Crafts and the visual arts

PLAITING AND BASKETWARE

Heidi Munan

The plaiting of leaves or reeds is one of the earliest crafts practised by mankind. It may have begun when leaves were piled up to sleep on, or used to protect from the cold and rain. It was found that interlaced leaves provided more efficient protection against the elements. Leaves and reeds were also easier to obtain than animal skins. Prehistoric evidence of mat-making in Malaysia is scanty; vegetable artefacts do not last in an equatorial climate. Nevertheless, impressions of plaited wrapping materials were identified in some Neolithic burials in the Niah Caves, Sarawak. These traces of pandanus mats date back to 200 BCE–400 CE––not very old in a site where human occupation goes back 35,000 years.

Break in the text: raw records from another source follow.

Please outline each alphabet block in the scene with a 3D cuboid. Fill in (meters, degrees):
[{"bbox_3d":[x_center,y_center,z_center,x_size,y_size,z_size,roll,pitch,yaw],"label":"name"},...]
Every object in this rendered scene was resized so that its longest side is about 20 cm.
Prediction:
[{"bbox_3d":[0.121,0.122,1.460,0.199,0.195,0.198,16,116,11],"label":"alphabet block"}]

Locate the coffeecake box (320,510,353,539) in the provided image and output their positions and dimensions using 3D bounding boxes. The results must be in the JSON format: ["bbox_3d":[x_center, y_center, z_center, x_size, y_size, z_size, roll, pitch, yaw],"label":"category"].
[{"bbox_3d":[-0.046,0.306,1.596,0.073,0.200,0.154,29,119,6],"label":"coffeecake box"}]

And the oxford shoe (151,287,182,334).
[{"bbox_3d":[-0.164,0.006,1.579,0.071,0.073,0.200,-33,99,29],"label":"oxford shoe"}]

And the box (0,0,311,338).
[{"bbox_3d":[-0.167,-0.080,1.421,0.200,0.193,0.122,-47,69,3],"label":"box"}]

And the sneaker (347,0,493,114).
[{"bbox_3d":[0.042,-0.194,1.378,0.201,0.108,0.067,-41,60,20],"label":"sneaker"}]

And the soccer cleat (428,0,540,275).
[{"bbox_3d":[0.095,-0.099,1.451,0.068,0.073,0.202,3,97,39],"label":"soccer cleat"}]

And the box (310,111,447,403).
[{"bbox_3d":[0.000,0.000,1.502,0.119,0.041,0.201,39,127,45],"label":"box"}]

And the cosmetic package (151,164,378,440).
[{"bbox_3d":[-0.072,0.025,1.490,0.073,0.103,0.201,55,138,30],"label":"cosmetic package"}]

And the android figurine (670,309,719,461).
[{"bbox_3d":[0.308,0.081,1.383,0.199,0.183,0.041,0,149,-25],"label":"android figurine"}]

In the Malay Archipelago, the basket-weaving, mat-plaiting people, primarily women, worked fibres mainly for domestic consumption; selling only surplus production to itinerant traders. Explorers, adventurers and colonialists of the past 200 years seldom mention the homely art in their writings. Instead, they noticed the splendid songket worn at the Malay courts, and few omitted descriptions of artistically finished, but deadly, weapons. But local traditions then did not permit a strange man much access to an ordinary family’s living quarters—the soldiers and traders who travelled in the Malay Peninsula hardly glanced at the mats that must have been spread for them to sit on. However, Hugh Low, a colonial administrator whose career started in Sarawak in 1846 and ended in Perak in 1889, noted the plaiting traditions. The women of Sarawak, he wrote in 1848, sometimes embroidered the corners of mats bought from the Natuna Islands (located between Terengganu and the Borneo coast) with a ‘border of open work of pretty patterns round the edges, and which is larger as the mats decrease in size, they being always made in sets, until the smallest one, which lies above, is formed entirely of open work.’ This description also fits some mats made in Terengganu.

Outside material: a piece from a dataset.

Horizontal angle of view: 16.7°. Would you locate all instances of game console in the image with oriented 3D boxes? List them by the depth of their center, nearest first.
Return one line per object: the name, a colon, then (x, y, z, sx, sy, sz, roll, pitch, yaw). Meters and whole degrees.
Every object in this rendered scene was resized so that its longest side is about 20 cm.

Mats were not the only objects woven from leaves and reeds. In the days of open boats, travellers wore hats made from palm leaves on a rattan frame and carried their personal belongings in baskets, for example, a small basket to hold their smoking and betel-chewing ingredients. Pandanus mats were used to wrap goods, to line the floors of boats for people to sit on, and to spread over the heads and outstretched arms of deck passengers if a squall sprang up. Until the early 20th century, rural households owned very little wooden furniture. Mats were used for sleeping and sitting on, for covering and wrapping things, and for partitioning dwelling space. Goods were gathered, carried and stored in baskets, some of them fitted with lids. Maybe a sandalwood storage chest stood against the wall, or a wooden rack beside the clay hearth held dishes, but generally only the rich and members of the nobility patronized the cabinetmaker’s art. The common man and his family lived on mats.

mat

Mat made using natural and black dyed rattan strips by a Penan woman from Long Abang, Akah River, Baram. It has (from left to right), diamond cut, bird and teeth motifs.